イルカとの事を反対するような言葉に、カカシは眉を寄せる。
たとえ里長だとしても、口出しして欲しくない事だ。
不毛・・・などと言うところを見ると、はたけ家の子孫を残せとか、そういうことだろうか?
今まで幾度と無く言われてきた上層部の言葉を思い出しつつ不満げに里長を見つめると、彼女がもう一度溜息をつくのが見えた。

「だって勿体無いじゃないか―――――――イルカが」

お前なんかにやりたくないねぇ。
―――ふぅと息を吐きながら『お前なんか』を強調しつつ首を横に振る綱手に、カカシは顔を引きつらせた。
そりゃイルカ先生は勿体無い程可愛いけど・・・・・俺は?

「お前はどうでもいいが・・・ああいう真っ直ぐな男ってアタシ好みなんだよね。男にやるのは勿体無いねぇ」

そんな事を言う綱手に、カカシはぎょっとしたように彼女を見た。

「だ、ダメですよ!どれだけ年離れてると思ってるんですか!?」
「男とよりはマシだと思うけどねぇ?」
「ダメです!イルカ先生はオレのです!!」

こんな気持ち初めてなんですからっ!
そう勢い込んで訴えると、綱手はふふんと笑った。

「片思いのくせに大きな口を叩くんじゃないよ?・・・まぁ、面白いもの見れたから、今日のところは譲ってやるよ」

十代の時より青臭い顔しやがって。
くくっと人の悪い笑みを浮かべてから、綱手はくるりと踵を返して、ひらひらと手を振った。
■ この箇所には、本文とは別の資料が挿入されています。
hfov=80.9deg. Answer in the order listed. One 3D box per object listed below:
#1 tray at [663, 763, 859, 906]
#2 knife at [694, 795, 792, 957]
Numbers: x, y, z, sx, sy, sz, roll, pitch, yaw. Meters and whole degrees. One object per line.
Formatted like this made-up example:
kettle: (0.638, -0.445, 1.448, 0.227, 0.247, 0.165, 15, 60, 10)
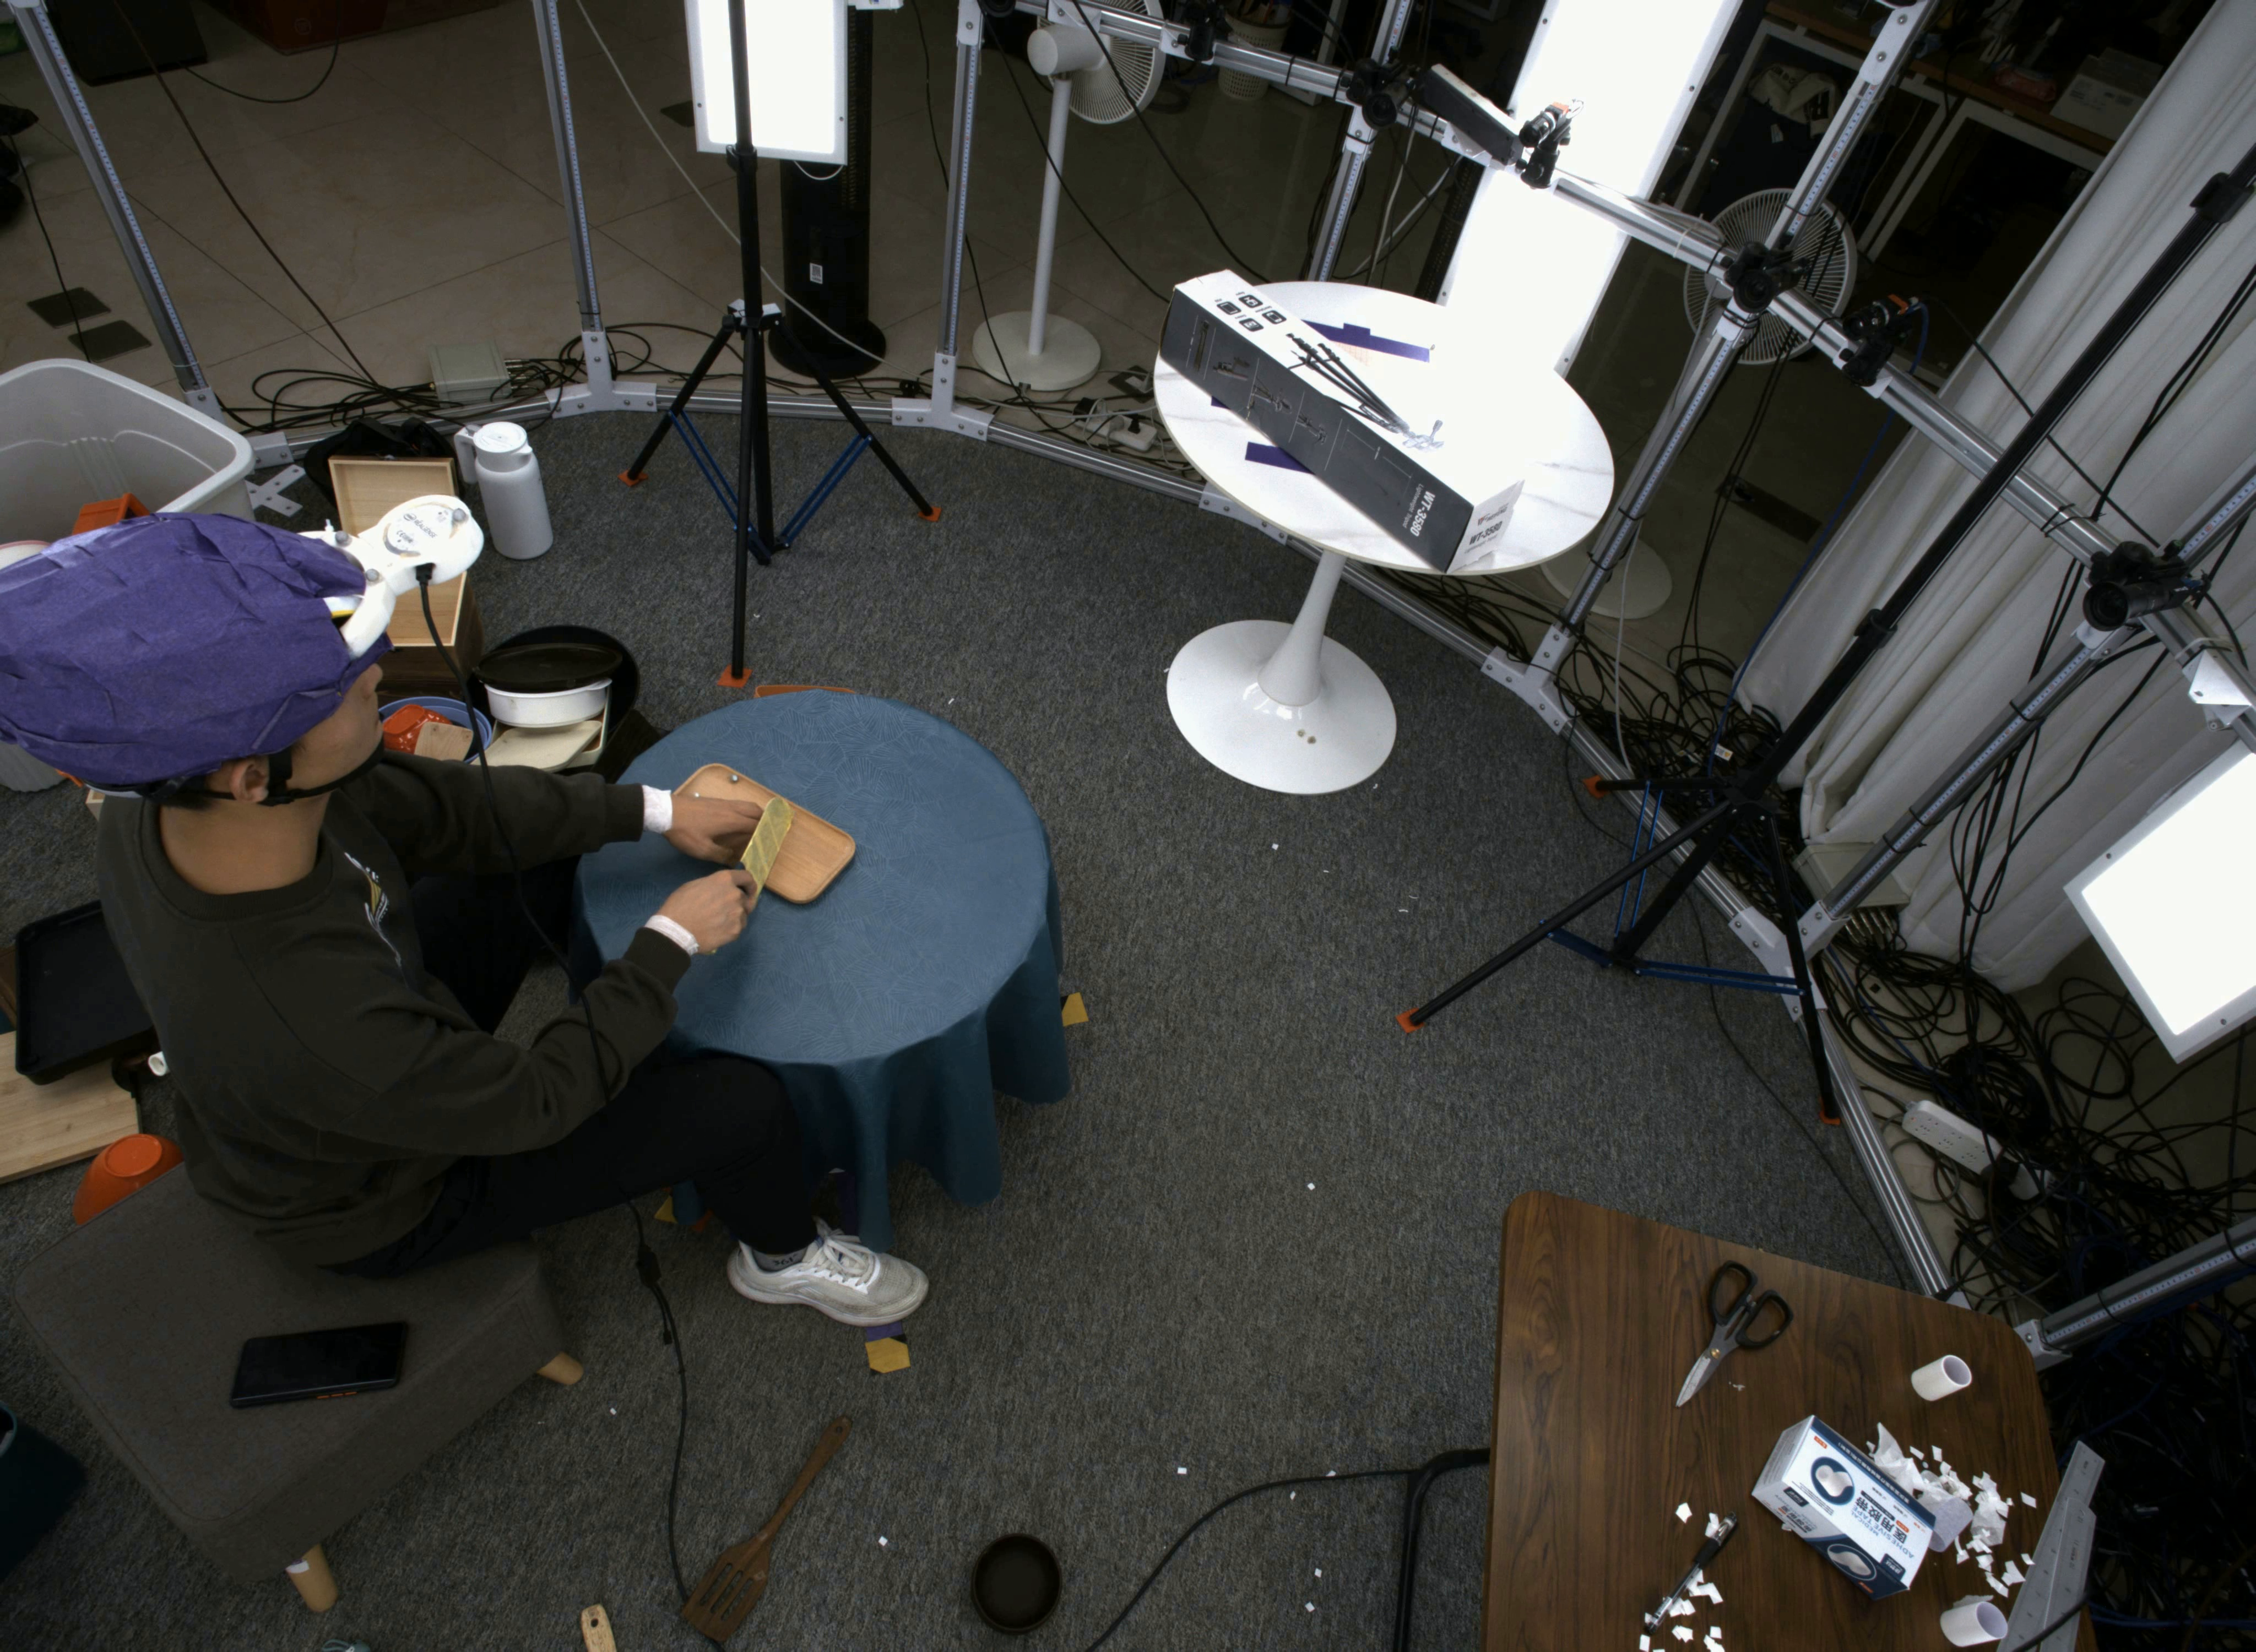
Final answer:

「もう行っていいよ―――後で、椿には礼をいっときな」

カカシは苦虫を噛み潰したような顔をしながらも綱手の言葉に頷いて、そして部屋を出て行った。



******



「ったく・・・たちの悪いばーさんなんだから」

さすがにもう聞こえる事はないだろうという場所まで離れてから、カカシは忌々しげにそう呟いた。

「とはいえ・・・綱手様のは冗談にしても、うかうかしてたら誰かに持っていかれる可能性はあるよね」

暗示が解かれて、はっきりした。
彼を好きだと言う気持ちは、やはり暗示の所為なんかじゃない。
―――なら、今から行くべきところは、唯一つ。